PPS: Exercise - Harmful or Beneficial?
Peggy Whitcomb

From response in the Post-Polio-Med
Email List to THIS POST by Eddie Bollenbach. Reprinted with Permission

Date: Wed, 5 Mar 2008 20:13:22 0000
From: Margaret (Peggy) Whitcomb
Subject: Re: [PPM] Cardiovascular Stress Tests and PPS

Eddie said: "There is no evidence that exercising intelligently and with guidance with PPS can hurt you in any significant or permanent way and the consensus among researchers is that the right kind of exercise, without regard to a chemical stress test which is not exercise, may help you a lot. The best determinant of this is your reaction to exercise itself."

Bless you, Eddie, for your clarity and 'bluntness'. I experienced polio infection and paralysis over the left side of my body at age 6 months, with permanent 'apparent' damage only in my left leg and foot, recovering to lead a 'normal' life (how I worked at THAT) with 'only' a slightly shortened left leg (two surgeries on the foot).
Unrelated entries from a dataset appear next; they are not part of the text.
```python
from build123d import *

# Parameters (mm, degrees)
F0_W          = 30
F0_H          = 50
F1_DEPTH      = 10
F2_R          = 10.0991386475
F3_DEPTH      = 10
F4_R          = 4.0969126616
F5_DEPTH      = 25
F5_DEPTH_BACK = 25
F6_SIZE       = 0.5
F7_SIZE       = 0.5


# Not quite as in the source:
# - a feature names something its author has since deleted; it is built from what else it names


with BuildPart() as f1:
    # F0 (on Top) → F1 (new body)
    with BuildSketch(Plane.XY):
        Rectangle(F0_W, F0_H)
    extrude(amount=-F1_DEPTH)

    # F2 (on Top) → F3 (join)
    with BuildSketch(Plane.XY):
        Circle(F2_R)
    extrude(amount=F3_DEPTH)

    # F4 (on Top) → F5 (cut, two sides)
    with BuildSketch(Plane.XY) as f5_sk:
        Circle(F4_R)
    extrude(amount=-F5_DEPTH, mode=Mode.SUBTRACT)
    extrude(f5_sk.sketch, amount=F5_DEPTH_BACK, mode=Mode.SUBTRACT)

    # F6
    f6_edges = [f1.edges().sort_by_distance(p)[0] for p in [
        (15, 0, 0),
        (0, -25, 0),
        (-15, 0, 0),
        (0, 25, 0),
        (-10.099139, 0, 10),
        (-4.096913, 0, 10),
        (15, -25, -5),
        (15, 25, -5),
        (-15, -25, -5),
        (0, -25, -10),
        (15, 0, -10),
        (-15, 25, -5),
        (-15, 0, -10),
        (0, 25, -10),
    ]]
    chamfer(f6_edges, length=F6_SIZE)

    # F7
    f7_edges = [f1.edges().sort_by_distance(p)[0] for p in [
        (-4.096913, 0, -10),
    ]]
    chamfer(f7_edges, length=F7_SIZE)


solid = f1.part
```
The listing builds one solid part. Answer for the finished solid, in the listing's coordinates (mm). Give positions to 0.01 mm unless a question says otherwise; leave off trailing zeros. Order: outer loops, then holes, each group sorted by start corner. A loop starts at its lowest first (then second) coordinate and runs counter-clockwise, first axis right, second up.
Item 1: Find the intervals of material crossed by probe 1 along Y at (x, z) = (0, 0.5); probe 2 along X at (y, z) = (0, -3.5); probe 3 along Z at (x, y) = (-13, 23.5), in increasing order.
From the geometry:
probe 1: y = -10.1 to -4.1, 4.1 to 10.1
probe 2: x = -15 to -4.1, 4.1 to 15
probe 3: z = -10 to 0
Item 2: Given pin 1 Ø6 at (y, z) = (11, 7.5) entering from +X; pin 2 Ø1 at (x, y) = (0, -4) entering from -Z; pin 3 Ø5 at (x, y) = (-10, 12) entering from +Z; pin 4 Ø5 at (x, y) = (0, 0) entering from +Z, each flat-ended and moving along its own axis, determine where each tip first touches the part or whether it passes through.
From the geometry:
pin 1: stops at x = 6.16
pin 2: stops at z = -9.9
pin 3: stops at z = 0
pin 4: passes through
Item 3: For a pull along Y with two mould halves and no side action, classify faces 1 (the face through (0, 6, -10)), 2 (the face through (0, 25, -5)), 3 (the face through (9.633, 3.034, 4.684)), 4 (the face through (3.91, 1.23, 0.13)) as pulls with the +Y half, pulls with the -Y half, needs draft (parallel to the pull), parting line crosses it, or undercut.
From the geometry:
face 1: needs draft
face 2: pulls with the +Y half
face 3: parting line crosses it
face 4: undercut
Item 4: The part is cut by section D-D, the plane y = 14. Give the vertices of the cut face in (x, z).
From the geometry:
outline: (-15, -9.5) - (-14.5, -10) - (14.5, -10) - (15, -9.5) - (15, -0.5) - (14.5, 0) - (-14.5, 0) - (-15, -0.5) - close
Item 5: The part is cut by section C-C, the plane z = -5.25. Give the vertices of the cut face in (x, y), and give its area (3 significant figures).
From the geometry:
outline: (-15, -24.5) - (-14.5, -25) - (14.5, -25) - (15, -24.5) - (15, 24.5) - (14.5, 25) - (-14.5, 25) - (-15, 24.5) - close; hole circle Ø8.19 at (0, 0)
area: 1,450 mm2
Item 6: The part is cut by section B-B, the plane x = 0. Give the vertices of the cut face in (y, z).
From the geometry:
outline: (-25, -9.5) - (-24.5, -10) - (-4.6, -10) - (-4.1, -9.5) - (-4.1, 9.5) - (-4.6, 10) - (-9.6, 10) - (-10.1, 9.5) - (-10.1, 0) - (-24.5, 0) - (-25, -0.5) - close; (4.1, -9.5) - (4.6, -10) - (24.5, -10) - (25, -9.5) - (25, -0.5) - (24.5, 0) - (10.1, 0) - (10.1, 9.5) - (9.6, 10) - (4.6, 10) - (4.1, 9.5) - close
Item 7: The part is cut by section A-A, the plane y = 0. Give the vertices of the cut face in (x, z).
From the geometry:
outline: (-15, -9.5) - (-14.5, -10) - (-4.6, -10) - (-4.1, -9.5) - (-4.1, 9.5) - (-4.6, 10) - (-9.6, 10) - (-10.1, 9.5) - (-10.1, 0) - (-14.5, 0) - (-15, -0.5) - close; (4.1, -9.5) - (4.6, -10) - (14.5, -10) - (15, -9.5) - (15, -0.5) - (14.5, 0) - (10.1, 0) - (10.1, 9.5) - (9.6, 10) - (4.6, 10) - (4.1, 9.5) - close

At age 32 I began to experience the slowly increasing fatigue and weakness of PPS but by pushing myself continued life as usual until I collapsed at age 56 (those years are a blur). I got a PPS diagnosis at about age 57.

For several years afterward my research online said Do Not Exercise, and I didn't (though I had exercised and swam daily all my adult life with great pleasure (until a little over a year before I collapsed), and enjoyed perfect health right through bearing and raising seven healthy children, a 20-year career as a Social Worker and getting my private pilots license).

However, after several year's near-immobility ('only' housework, very little shopping and almost nonexistent social life), I knew my body was falling apart, my vascular and lymph system simply required SOME regular exercise. At that point I continually had pain and extreme weakness in my entire body; I could not really think very clearly or be very focused, and I was depressed and feeling out of control of my life.

I decided to take what I believed was a huge, huge risk and begin exercising again. Because I was so out of shape, I could do such a small amount daily I laughed at myself for calling it 'exercise' but I persisted (never to the point of fatigue, ever). Within a few weeks I definitely began to feel better. I could not wait until I "felt" I had the energy to do the exercises (a very few, a couple of times a day); I had to just do them, and rest afterwards.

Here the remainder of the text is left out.